What you have to do ▸
Please repeat the entries below exactly as written, leaving out any images.

Records drawn from a dataset ▸
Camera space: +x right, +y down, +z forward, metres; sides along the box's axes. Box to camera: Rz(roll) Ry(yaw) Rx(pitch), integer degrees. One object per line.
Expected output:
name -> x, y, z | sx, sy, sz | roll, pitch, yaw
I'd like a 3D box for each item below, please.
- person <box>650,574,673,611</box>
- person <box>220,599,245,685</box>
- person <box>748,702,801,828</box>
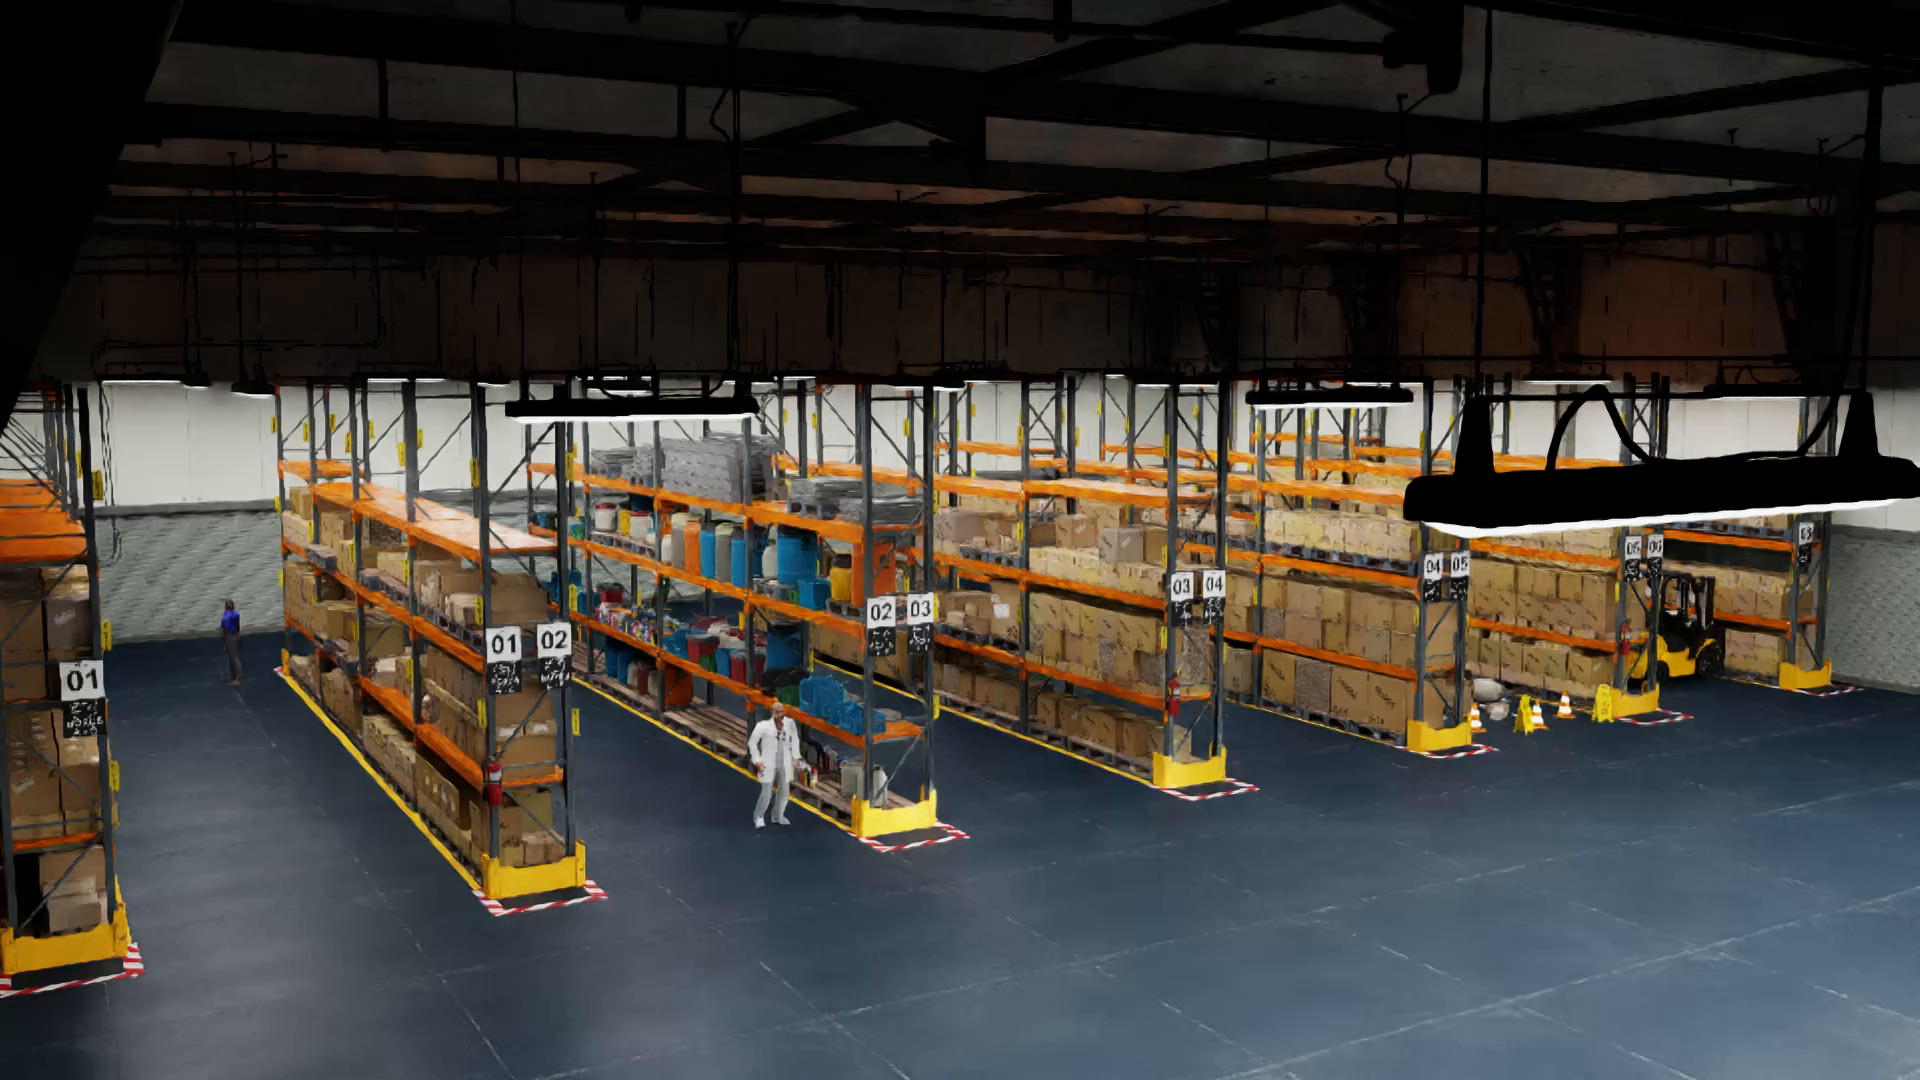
person -> -7.479, 0.918, 41.426 | 0.487, 1.788, 0.711 | 2, 6, 15
person -> -14.176, 1.963, 32.311 | 0.544, 1.652, 0.558 | 0, 6, -2
person -> -2.516, 3.019, 22.472 | 0.729, 1.732, 0.541 | -4, 7, -30

Answer to the exercise ▸
Camera space: +x right, +y down, +z forward, metres; sides along the box's axes. Box to camera: Rz(roll) Ry(yaw) Rx(pitch), integer degrees. One object per line.
Expected output:
name -> x, y, z | sx, sy, sz | roll, pitch, yaw
I'd like a 3D box for each item below, please.
- person <box>650,574,673,611</box>
- person <box>220,599,245,685</box>
- person <box>748,702,801,828</box>
person -> -7.479, 0.918, 41.426 | 0.487, 1.788, 0.711 | 2, 6, 15
person -> -14.176, 1.963, 32.311 | 0.544, 1.652, 0.558 | 0, 6, -2
person -> -2.516, 3.019, 22.472 | 0.729, 1.732, 0.541 | -4, 7, -30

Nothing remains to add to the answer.